二十二.
婆の言を受けた操は、早速嘉を自室へと招いた。
「孤の留守中いろいろと世話になったそうだな。礼を言う」
「それほどの事は何も」
「そちらしくない物言いだな」
嘉は黙って首を振った。
謙遜ではなかった。
話を打ち明けられた嘉も心を痛め、出来ることなら蓮を見舞ってやりたいと思った。
だが、表立って自分が訪ねて行けば、人は有らぬ噂を流すだろう。
不品行者として名高い自分の事ならいっこうに構わないが、君や蓮を辱める行為は断じて出来ない。気の紛れそうな品をいくつか選んで婆に渡すのが、嘉に出来た精一杯だったのだ。
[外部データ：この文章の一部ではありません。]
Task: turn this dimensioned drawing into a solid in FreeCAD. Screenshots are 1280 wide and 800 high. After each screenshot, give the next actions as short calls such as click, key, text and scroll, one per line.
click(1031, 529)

「そなたからの見舞いの品で、蓮は随分慰められたと婆が言っていた」
「それなれば嬉しい限りです。ですが、主公の無事なお帰りが、蓮殿には何よりでしょう」
嘉の言葉に、ふと操が視線を泳がせた。
らしくないな。と嘉は思う。
らしくないと言えば、いつもの快達な空気が影を潜めていた。
まだ心を痛めておいでか……
無理もないと思う。
この人は、我が子を亡くしたというのに、表立って嘆く事も出来ない。
かの地で命を落としたのは、この人の息子だけでなく、数多の兵もまた犠牲になっているのだ。
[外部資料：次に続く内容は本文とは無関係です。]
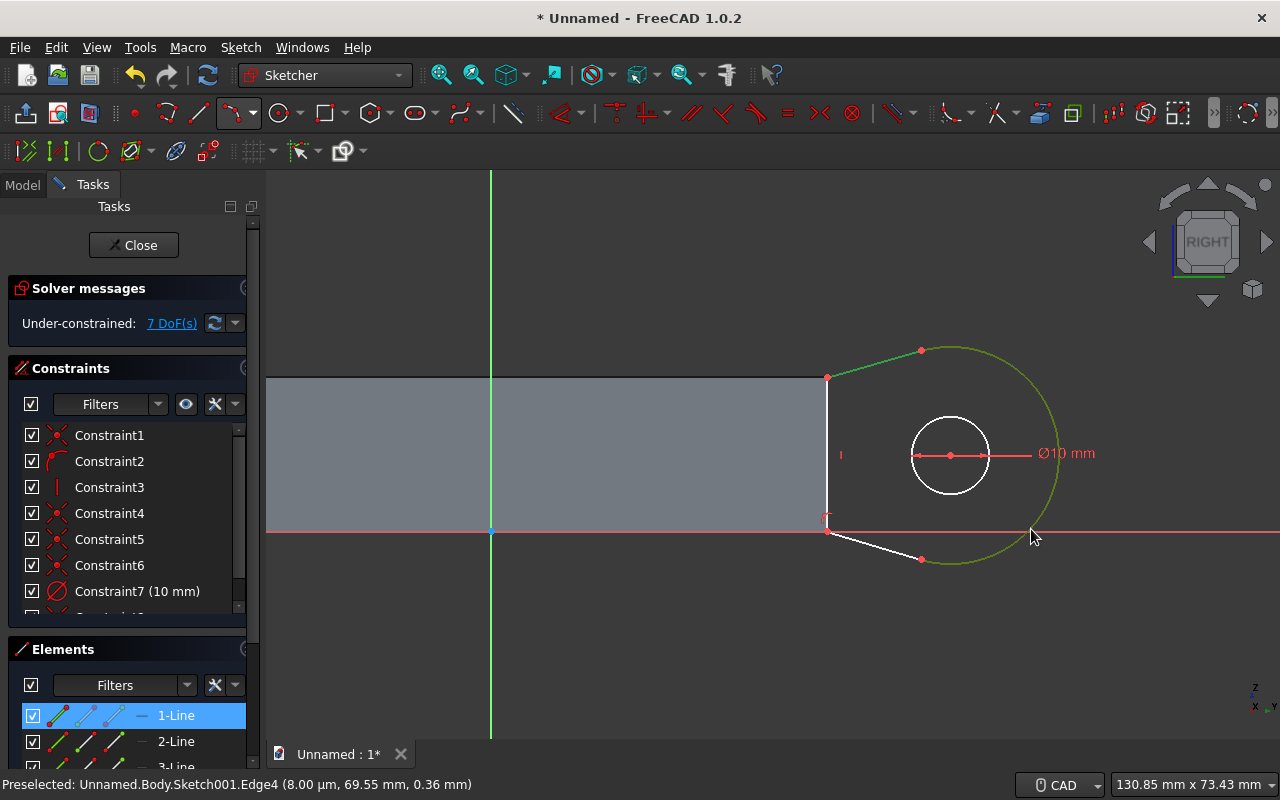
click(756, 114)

あの惨事は全て曹孟徳の責だと非難する声が、家中にも高い。
おそらくは、君自身もそう思っているのだろう。
その彼が、己が子の死だけを哀しむわけにはいかなかった。
典韋を悼む気持ちは本当だろう。
だが、あの慟哭の中にあったのは、ただひとりの豪傑への想いのみではなかった。
「奉孝。孤は蓮を離そうと思う」
ぽつりと彼が呟いた。
「臣に要らぬ心配を掛けるのも、有らぬ憶測で罪もない蓮が渦中にあるのも、皆孤のせいだ。奥での一件にしても、宛での事も、全てこの身持ちの悪さから来ておる。孤は今回の事で、己にほとほと愛想が尽きた」
――おいおい。大丈夫かよ。
嘉は内心困ったと思った。
この主君は我が道を行く、唯我独尊の自信過剰男でありながら、喜怒哀楽が激しいから、たまにどっぷりと落ち込む事がある。
ただ、根が磊落なので、そのうちケロリと立ち直り、早くも激怒したり、快笑したりしている。
もう年中行事みたいなものだから、近臣ともなればそのあしらいなどお手のものである。
――けど、今回のはかなりキテるよなあ。
どうしたものかと嘉は思案を巡らせる。
ただ、この人は本当に、蓮と謂う少年を手放して良いのだろうか?
「後悔なさいませんか?」
「後悔してもどうにもならぬ。あれは孤には心開かぬ」
そうだろうかと嘉は思う。
あの少年に、別段彼の事を嫌っている様子は見られなかった。あの子なりに心を尽くして仕えている事は、嘉が同席した短い時の中でも十分に伝わっていた。
ああ、でも、主公が求めているのはもっと先か……
要するに、彼はあの少年の全てが――
髪のひと房も、小さな足の爪も、その心の隅々までもが全て欲しいのだ。
こればっかりは当人次第だから、嘉には何も出来ないが、それほどまでにこの人の想いは深いのかと思う。それならばなおのこと、その手を離すべきではないのではなかろうか。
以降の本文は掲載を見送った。